BP plc has ramped up production from the Dorado and King South projects in the deepwater Gulf of Mexico (GOM) as subsea tiebacks to its existing Marlin Tension Leg Platform (TLP) infrastructure, which is located about 125 miles southeast of New Orleans.
Dorado, which uses dual completion technology to produce oil and gas from five Miocene zones in the GOM, added three new subsea wells to the Marlin TLP. King South, which is producing through an existing subsea pump, added a single well to the platform. With the addition of the four new wells, the Marlin TLP now is serving a total of 11 wells, which together have daily gross production of about 70 MMcf/d of gas and 60,000 b/d of oil. The TLP was designed to process up to 235 MMcf/d of gas; oil output is now at peak capacity.
“By bringing new resources onstream from areas close to the existing Marlin TLP, BP has reestablished plateau oil production at Marlin, a decade after first production,” said BP’s Andy Inglis, CEO of the company’s exploration and production segment. “This demonstrates the potential to apply the latest technology to leverage our existing infrastructure and maximize recovery.”

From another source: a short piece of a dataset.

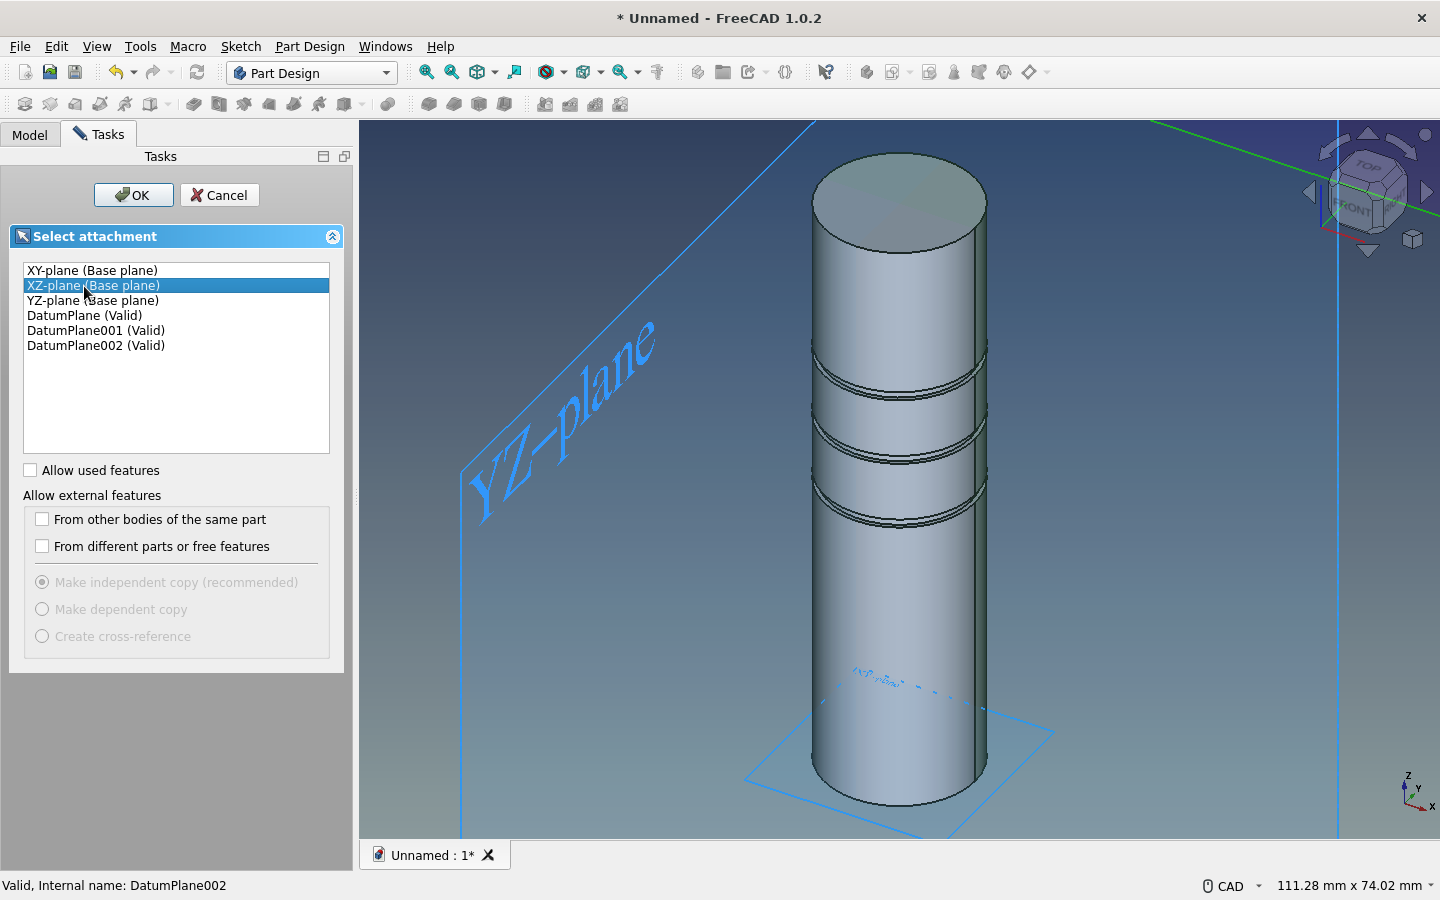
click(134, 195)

Dorado’s wells are located about two miles from the TLP. Dorado is operated by BP with a 75% working stake; Shell Oil Co. holds a 25% stake in the project. King South, which is 100% owned and operated by BP, is located about 18 miles from the TLP.
Since the Marlin TLP was installed by BP in 1999, the Marlin, King, Nile and King West fields have been producing across the area using the TLP infrastructure, BP noted. When it was installed, the TLP was BP’s first deepwater floating facility in the GOM.